Proceedings of the
8th International Symposium on Geotechnical Safety and Risk (ISGSR)
14 – 16 December 2022, Newcastle, Australia
Editors: Jinsong Huang, D.V. Griffiths, Shui-Hua Jiang, Anna Giacomini, Richard Kelly
doi:10.3850/978-981-18-5182-7_05-013-cd

Regional Reliability Sensitivity Analysis Considering Spatial Variability of Soil

Xin Lin1, Xiaohui Tan1,a, Suozhu Fei1, Zhihao Sun1 and Jie Zhang2

1School of Resources and Environmental Engineering, Hefei University of Technology, Hefei 230009, China

tanxh@hfut.edu.cn

2Key Laboratory of Geotechnical and Underground Engineering of Ministry of Education and Department of Geotechnical Engineering, Tongji University, Shanghai 200092, China

ABSTRACT

The influence of spatial variability of soil on geotechnical engineering such as the ultimate bearing capacity of shallow foundation can be considered by reliability analysis based on random field theory. However, reliability analysis can only estimate the reliability index or failure probability of geo-structures, which cannot identify the important regions of random fields. Hence, a reliability sensitivity analysis method considering spatial variability of soil (called RSA-KL-FORM-x) is proposed in this study, which employs the Karhunen-Loève (KL) expansion method and the first-order reliability method (FORM) as the method of realizing random field and reliability analysis method, respectively.
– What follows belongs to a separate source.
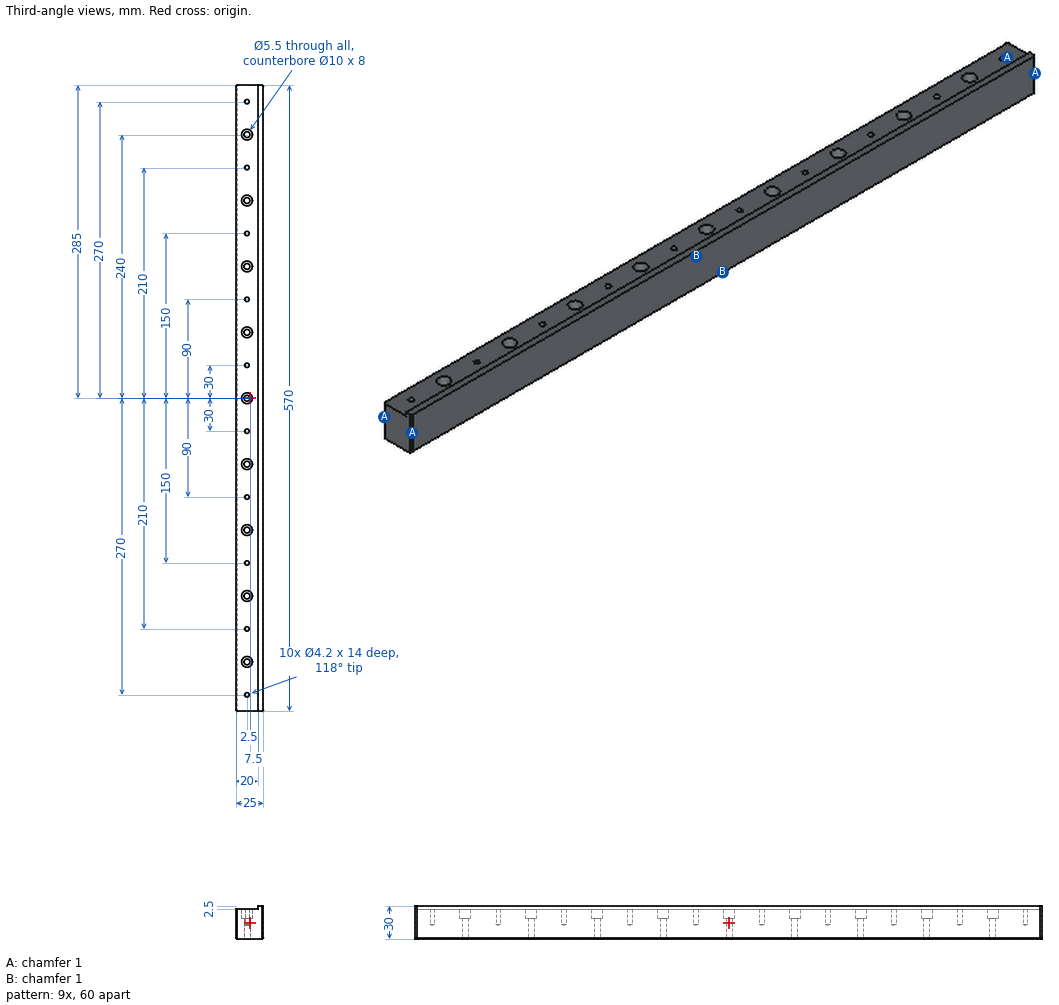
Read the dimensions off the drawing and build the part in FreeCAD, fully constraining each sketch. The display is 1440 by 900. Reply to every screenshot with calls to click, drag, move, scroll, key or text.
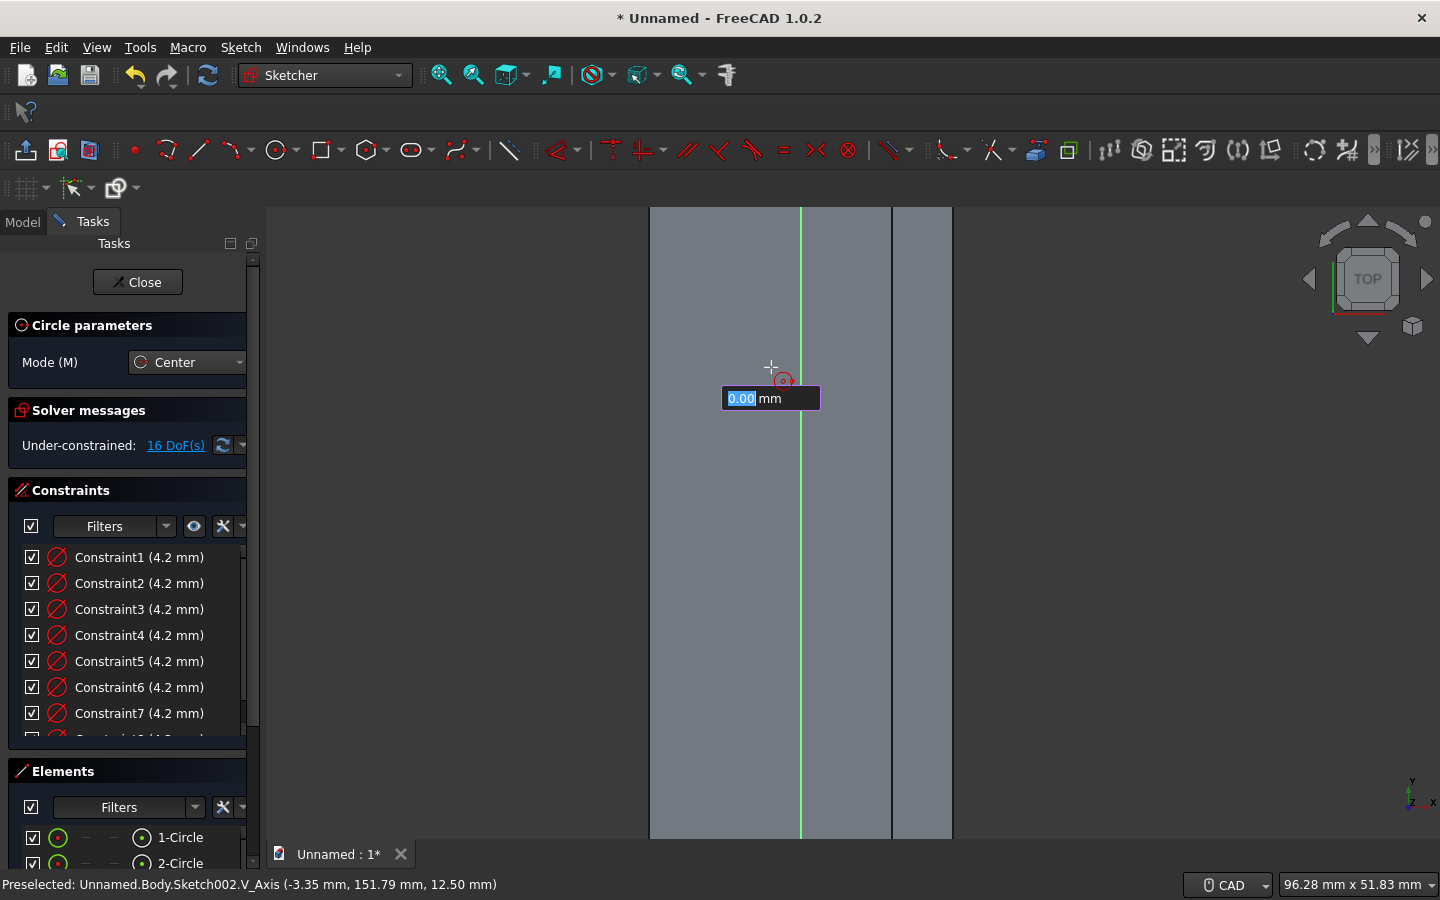
scroll(785, 367, down, 14)
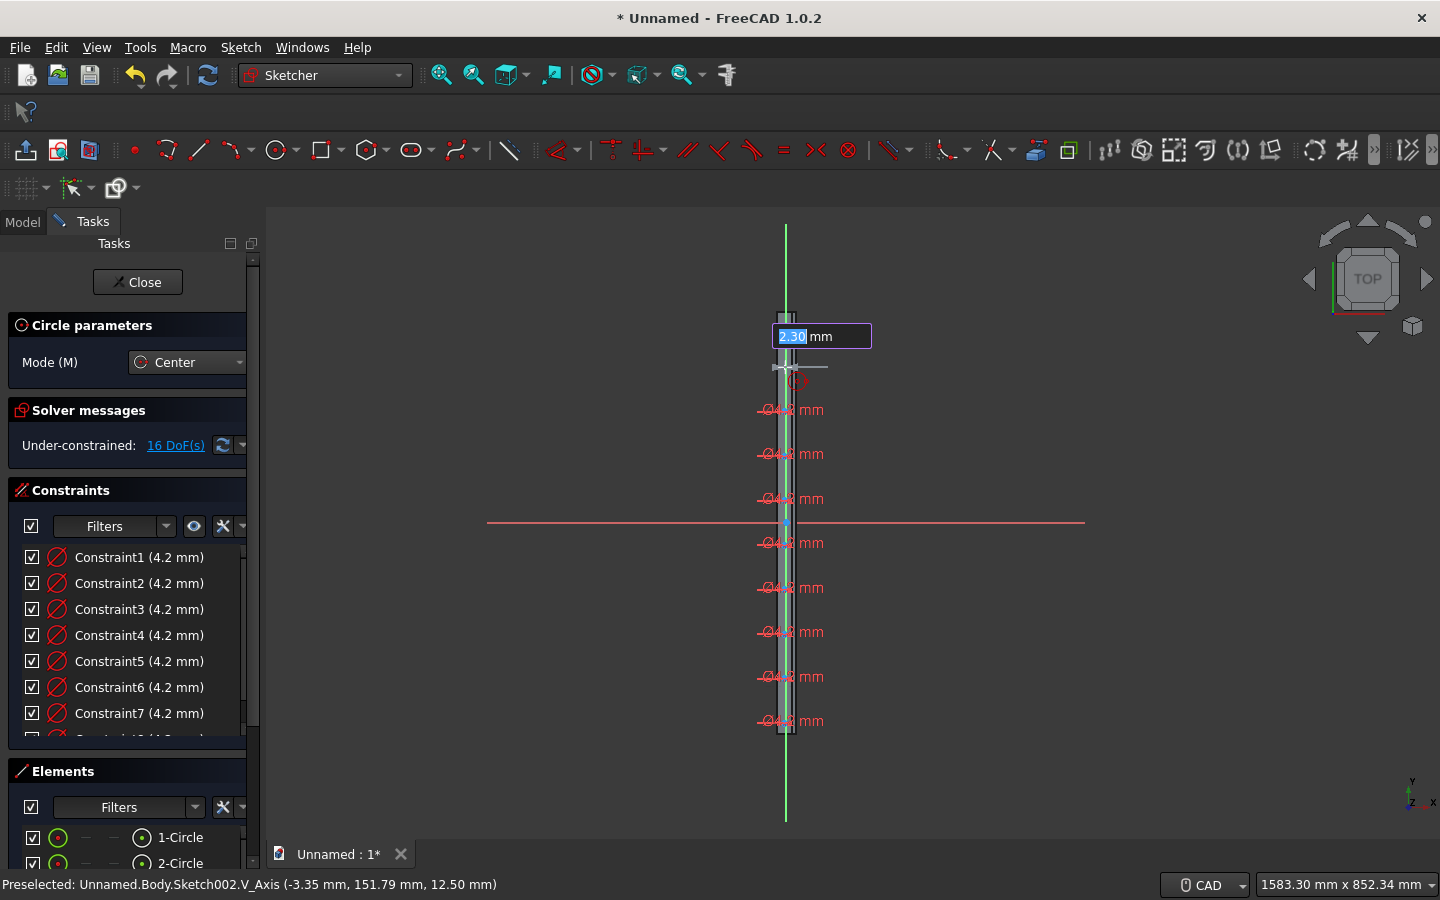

In the proposed RSA-KL-FORM-x, mean reliability sensitivity index (MRSI) and standard deviation reliability sensitivity index (SDRSI) are defined as functions of coordinates in random field domain, which means that the MRSI (or the SDRSI) with larger absolute values can be regarded as important regions. A shallow foundation with spatially various cohesion of soil is adopted to illustrate the process of the RSA-KL-FORM-x. The results show that the top part of the soil in contact with the shallow foundation is an important region to improve the reliability of the shallow foundation.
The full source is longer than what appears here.